Growing power consumption and the U.S. administration’s plan to rely more heavily on renewable generation sources will increase the demand on America’s already overloaded electricity grid and require major investment in transmission and distribution networks.
Upgrading power transmission and distribution systems is likely to cost as much as installing new generating capacity over the next 20 years.
While Congress provided an extra $4.5 billion of funding for grid improvements in the recent fiscal stimulus, federal loan guarantees and other support, far more investment will be needed if the administration’s targets for renewable generation are to be realized.
In its “Annual Energy Outlook 2009″ (AEO2009), the Energy Information Administration projects consumption will increase by 1,000 billion kilowatt hours (26 percent) between 2007 and 2030. The United States will need to install 259 gigawatts (GW) of new generating capacity to replace aging generators taken out of service (30 GW) and meet increased demand on the system (229 GW).
A report prepared for the Edison Foundation by consultants Brattle Group last year put the capital cost of capacity installation at between $500 billion and $1 trillion (depending on how much of the total is met by cheap sources such as coal and gas and how much by expensive sources such as nuclear, wind and solar). Click here for PDF.
AEO2009 projects that most of the added generating capacity will be from conventional sources such as natural gas (53 percent), coal (18 percent) and nuclear (5 percent). But a substantial proportion will come from renewables (22 percent), raising the share of renewable power in total generation from 8 percent in 2007 (much of it from hydro dams) to as much as 13 percent in 2030.

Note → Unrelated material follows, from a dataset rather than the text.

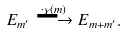Convert formula to latex. <formula><loc_0><loc_0><loc_500><loc_500>E _ { m ^ { \prime } } \overset { \cdot \chi ( m ) } \longrightarrow E _ { m + m ^ { \prime } } .</formula>

The biggest additional contribution will come from the combustion of biomass waste products left over from increased production of ethanol to meet the federal government’s ambitious targets. The other major contribution will come from wind. Solar is likely to make a marginal contribution in the timeframe owing to high cost.
Biomass generators can be used in the same way as conventional power sources like gas and oil since the technology is identical (combustion to raise steam). The amount of power can be scheduled (”despatched”) to meet demand in exactly the same way as a conventional power plant.
Wind and solar present greater challenges because they cannot be scheduled with precision. As the percentage of power drawn from these non-despatchable sources increases, it will pose unique challenges for grid managers and require a substantial reconfiguration of the system.
Reconfiguring the grid to handle increased demand and a greater share of renewables will impose substantial costs. The Brattle Group report estimated the industry would need to spend as much upgrading the high-voltage long-distance transmission system ($300 billion) and lower-voltage local distribution networks ($600 billion) as it will on increased generating capacity.
Electricity supply is a relatively simple system in which power is supplied from generators to household and industrial appliances (”loads”) via the transmission and distribution network. But unlike other commodities, storing electricity is impractical, and supply and demand must balance continuously.
In response to short-term supply and demand fluctuations, system controllers employ a variety of techniques to ensure continuous balance between generation and load. In response to an unexpected increase in demand or loss of supply (caused by a generator tripping) the grid is rebalanced by a multi-tiered process:
– In the first instance, shortfalls are met by drawing a small quantity of additional energy from each of the remaining generating units on the grid. But while this automatic response provides compensating power for several seconds, it causes generating units to lose momentum and electrical frequency to decline across the grid.
– In the second stage, loss of frequency is sensed by governors attached to each generating unit on the grid causing them to deliver more fuel to the turbines, re-accelerating the generators. Producers are paid a fee to operate at slightly below full capacity to provide these frequency reserves, which are available within as little as 10 seconds and last up to 30 minutes.
– Beyond frequency reserves, the grid can call on “standing reserves”, typically gas-fired peaking plants held on stand-by that can be started rapidly and begin delivering extra power within 20 minutes.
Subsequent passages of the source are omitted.